Trump's reelection campaign did not respond to questions about whether the president or campaign staffers would try to prevent the chant from erupting Thursday in the same downtown Cincinnati arena that housed one of Trump's most raucous 2016 rallies.

Ohio Gov. Mike DeWine said Wednesday that he found Trump's comments about the congresswomen "inappropriate" but added that he would not raise the matter with the president.

"If Trump allows his supporters to hijack his own rally, that does not bode well for the rest of his campaign," said Alex Conant, a Republican strategist who worked on Marco Rubio's 2016 campaign. "If he encourages the chant, it would be divisive for the country and for the Republican Party."

Conant added: "I'd hope to see him steer clear of anything that could evoke the chant. And if his supporters began chanting it anyway, and he shut it down, I think he would appear strong and get some bipartisan praise."

Trump captured Ohio by nearly 9 percentage points in 2016, and he fared somewhat better among midterm voters in Ohio than among voters in Rust Belt neighbors Michigan and Wisconsin.

About half of Ohio voters, 49%, expressed approval of Trump's job as president, according to AP VoteCast, a survey of the electorate in 2018. Forty-four percent of voters in Michigan, and 43% of voters in Wisconsin, approved of Trump.

Though Trump did not carry Cincinnati in 2016, he ran up impressive margins of victory in its conservative, vote-rich surrounding suburban counties.

Cincinnati, which sits across the Ohio River from Kentucky, has long battled racial demons. And Trump's arrival comes just a week after a black former judge, her heels dragging across a courtroom floor as her supporters shouted in anger, was physically pulled away to begin a six-month jail sentence.

The sentencing of Tracie Hunter prompted the Cincinnati Enquirer opinion editor to wonder in print if the matter would be "the match to start Cincinnati's next racial fire?"

Hunter was convicted in 2014 of a felony count involving mishandling of a confidential document involving her brother's court job.

"I would say in a similar case, if the person was a white judge, they may not have been charged; most likely, they would have been able to walk away," said Royce Winters, a former Cincinnati police officer who's now director of African-American Ministries for the Catholic Archdiocese of Cincinnati. "We know that there were some other options that she would not have had to gone through all that."

Riots broke out in 2001 after the fatal police shooting of an unarmed black man, and they were followed by a black-led economic boycott of the city.
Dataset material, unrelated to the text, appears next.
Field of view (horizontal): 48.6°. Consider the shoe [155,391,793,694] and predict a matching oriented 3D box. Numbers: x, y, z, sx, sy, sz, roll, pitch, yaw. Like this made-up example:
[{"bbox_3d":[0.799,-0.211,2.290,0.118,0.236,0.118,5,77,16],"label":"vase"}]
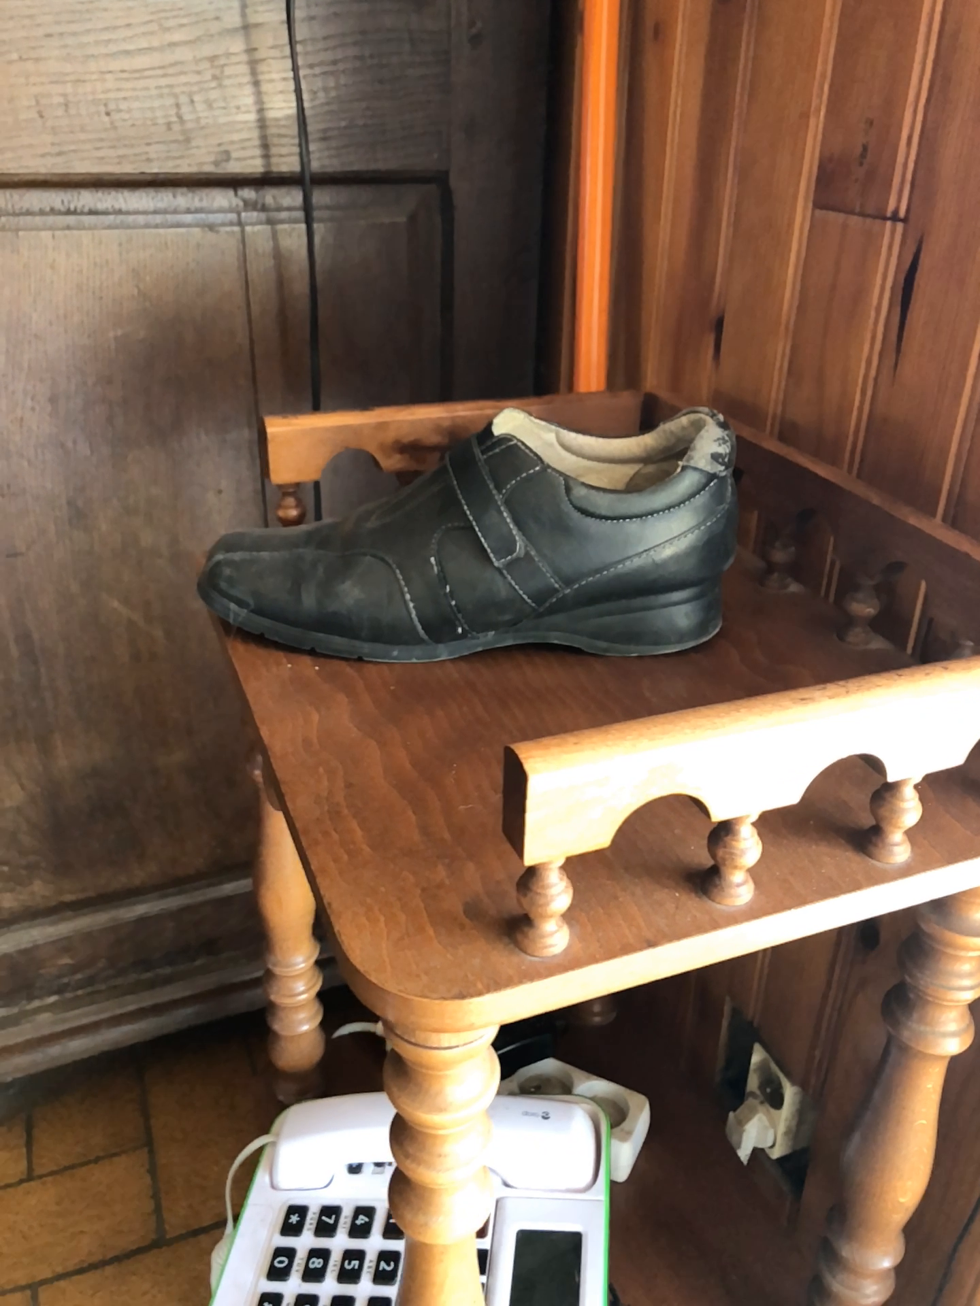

Police reforms and action by community leaders have revitalized Cincinnati, but there were angry demonstrations after a University of Cincinnati police officer shot and killed an unarmed black man during a 2015 traffic stop for a missing front license plate. Charges were dropped against the white officer after two hung juries.

"Cincinnati reflects the United States," Winters said. "There has been some great progress made, yet we realize that when people are threatened, whether the racist language or acts that are coming out even here in Cincinnati are conscious or unconscious, it is something that is embedded in the bloodstream of America."

Hamilton County GOP Chairman Alex Triantafilou, a former judge, said he believes Trump's rhetoric on race has been "overhyped" and that it's more about the way he responds to "withering" attacks by his critics.

"While Cincinnati and Hamilton County aren't particularly Republican these days, the region continues to be very Republican," Triantafilou said. "Southwest Ohio is an area of huge import to any Republican trying to win this state."

Several protests are planned around the Trump rally, including one at the nearby National Underground Railroad Freedom Center. It focuses on the slavery era and current struggles against injustice around the world.